Participou, também, de festivais pelo interior de São
Paulo e Minas Gerais, como o Festival de Música da Primavera (Femp), em
São José do Rio Pardo, e o Festival de Música de Muzambinho, em Minas
Gerais.
Seu sangue tem um pouco de indígena, um pouco de européia,
um pouco de negra. Esse sangue tão diverso quanto a cultura brasileira
despertou sua curiosidade. Iniciou suas pesquisas na área de história
da música na década de 90, época em que correu bibliotecas, sebos e
discotecas. Mas não parou sua vida por causa da pesquisa. Enquanto
isso, dirigiu e apresentou o show "Érundito Popular", em que
misturava música clássica com MPB.
Conheceu, então, o compositor paraense Rafael Lima, com
quem formou o Grupo Carapanã. A idéia era levar ao público um repertório
composto essencialmente por músicas paraenses. Para tanto, foi ao Pará,
estudou o Carimbó e conheceu de perto os lugares e as pessoas
retratadas nas músicas que tocavam. Foi nessa viagem que conheceu o
mestre do Carimbó, Seu Verequete.
Além disso, fez contato com Walter Freitas, compositor
muito respeitado em Belém. Ainda no Pará, participou de diversas
manifestações populares ocorridas nos meses de junho e julho.
A viagem para terras de fora de São Paulo não se
limitaram ao Pará. Na Bahia, mais especificamente em Cabrália, teve
contato com o ritmo e o canto da Capoeira. Do Maranhão, conheceu Tião
Carvalho, com quem aprendeu cantos e danças daquele Estado.
Após quatro anos de estudo, Susie ingressou, em 1998, no
Mawaca, grupo de sete cantoras e pesquisadoras da área de de world
music.

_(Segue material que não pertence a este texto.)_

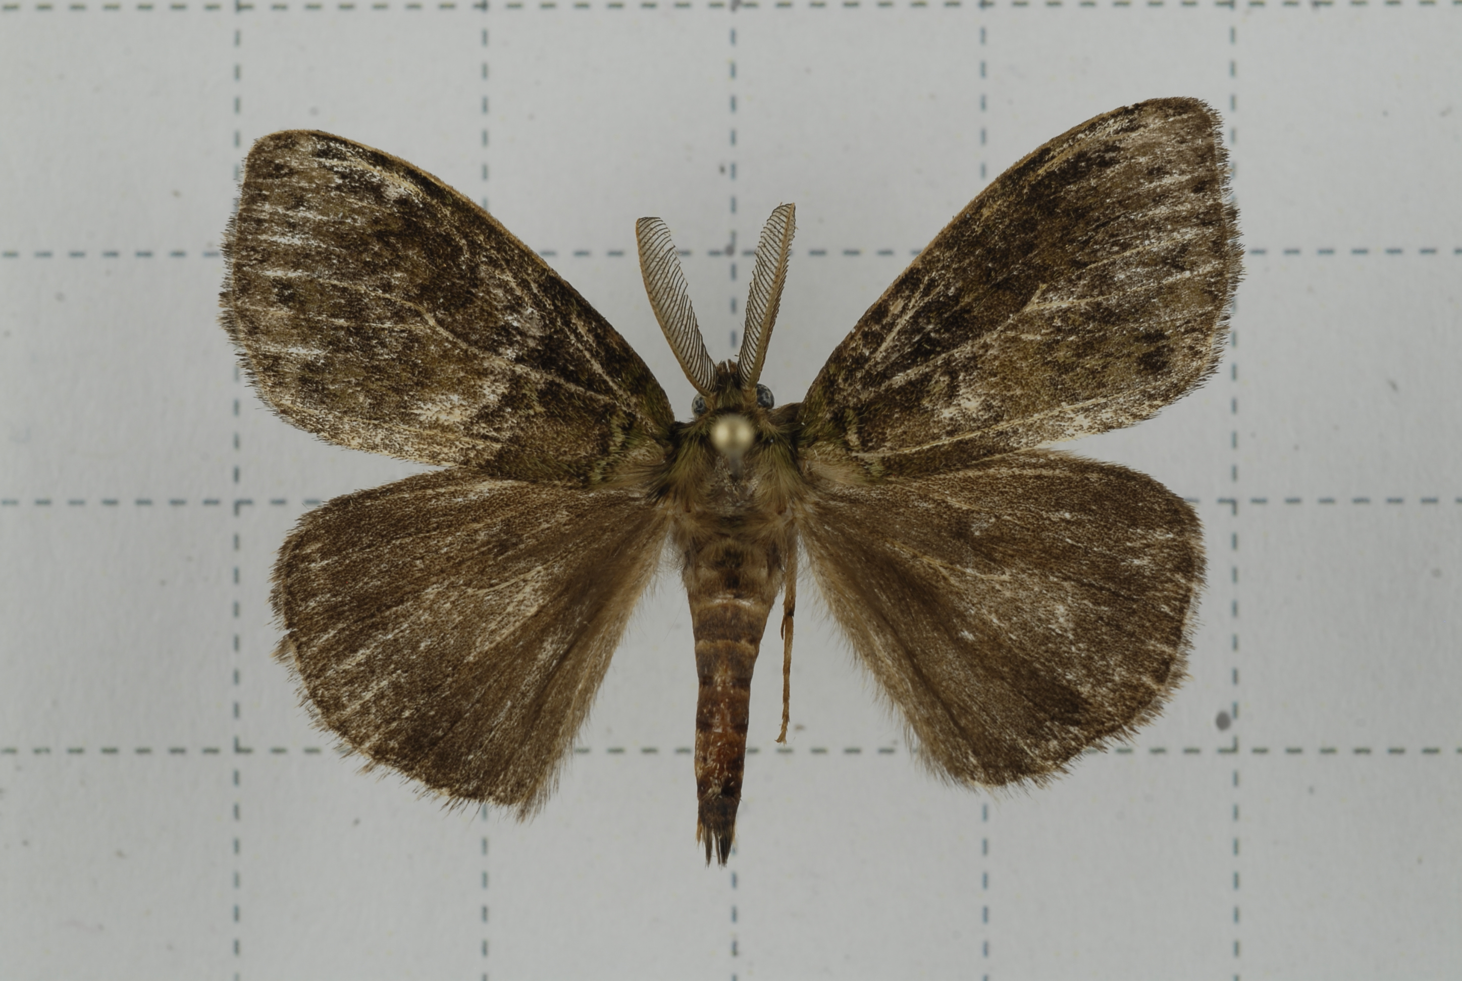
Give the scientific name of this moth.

No grupo, dirigido por Magda Pucci, Susie teve a oportunidade de
entrar em contato com timbres e sonoridades diferentes das que tinha
tido contato anteriormente. O repertório contém os mais inusitados
tipos de música oriundos das mais diversas nacionalidades, como a
israelense, árabe, curda, nigeriana, entre outras.
Além do Mawaca, Susie participou de um grupo de forró,
baião, xote, entre outros ritmos, chamado Joanette deu no pé. Esse
grupo era formado somente por mulheres e foi dirigido por André
Abujamra, do Karnak. Foi quando conheceu o compositor Oswhaldo Rosa, na
época letrista desse grupo. A partir de 2001, iniciou essa parceria
musical que resultou no CD Canção das moças.